Hi,
I have a product which has been in production for a number of years, and which has a lot of configurable settings. Some of these are set at the factory and are hidden, while others are accessible to the end user.
The environment is an ARM microcontroller using internal storage only. No file system or networking, but it can be connected to a PC via a serial link.
Typically I store all of a product's settings in a C struct called 'nv' ('non-volatile'), which is stored in Flash whenever a change is made, and read back in as part of the boot process.
Within this struct there are all kinds of integers, strings, other structs and so on, and then right at the very end there's a uint32_t which must always be set to a 'magic number' to indicate that the rest of the struct has been populated with valid data. This number could be a fixed value, a CRC, a cryptographic hash, checksum, or whatever.
When the firmware boots, it checks for the magic number. If it's valid, then that's great, carry on as normal. If not, it assumes the configuration is broken, and restores factory default settings including a new magic number.
This works well. It ensures that the unit always boots with valid settings whether it's brand new and is booting for the first time, or if it's been updated to new firmware which (usually) has a larger 'nv' struct with the magic number in a different place.
Until quite recently, firmware updates have only ever been done at a very limited number of authorised sites, where having the unit reset to factory settings after an update isn't a problem. However, I'd now like to explore how to go about preserving settings when a unit is updated by the end user in the field.
The issue is, of course, that new firmware may well require some new settings that weren't supported before. Insert new items into a struct, and everything beyond them has to move.
A few options spring to mind, but I can't quite figure out which I dislike least.
- Keep the original nv struct exactly the same forever. For new settings introduced in the next firmware release, create a new struct called nv2. Then nv3, nv4 etc, each with their own magic number to show they're valid.
- As above, but add the new items to the end of nv so they sit after the magic number, which at least means I don't have to litter my code with nv3.this, nv5.that, nv2.the_other etc
- Reserve space in nv between the last used setting and the magic number, put any new settings here. The magic number doesn't move, so it definitely has to be a CRC or hash, not a fixed value.

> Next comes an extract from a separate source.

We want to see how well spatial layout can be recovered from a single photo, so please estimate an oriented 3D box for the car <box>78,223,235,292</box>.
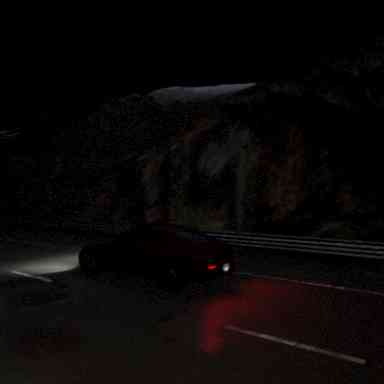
[{"bbox_3d":[-1.093,1.576,9.051,4.674,1.442,1.812,0,0,35],"label":"car"}]
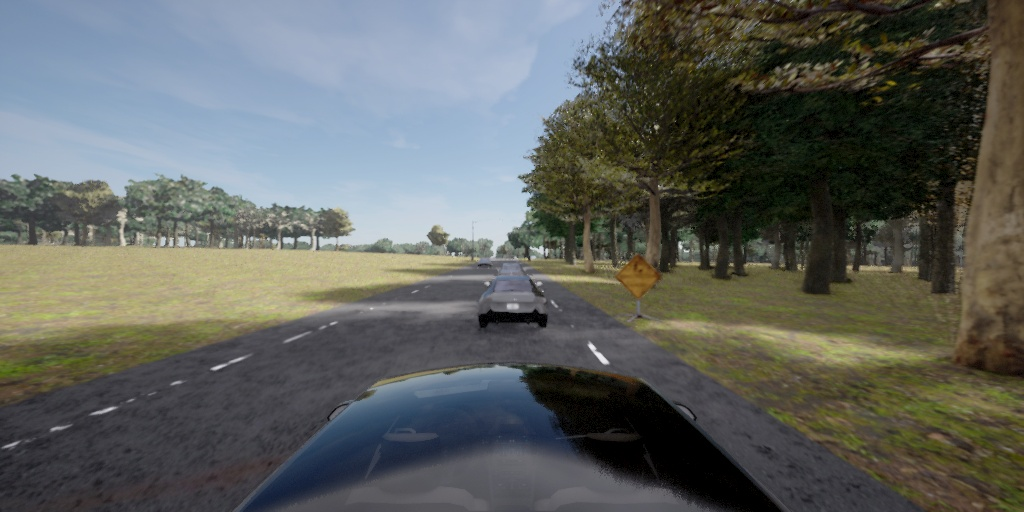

- Tag the nv struct with a value that indicates its version number. Include start-up code that recognises previous versions and knows how to migrate settings to the current version.
- Export settings in a readable format, with tags or commands to indicate what each value actually means. After an upgrade, reset to factory defaults, then parse the readable version to get back to a binary.
- The better idea that I haven't thought of yet...!
Suggestions please, folks. What's the industry's solution to this problem?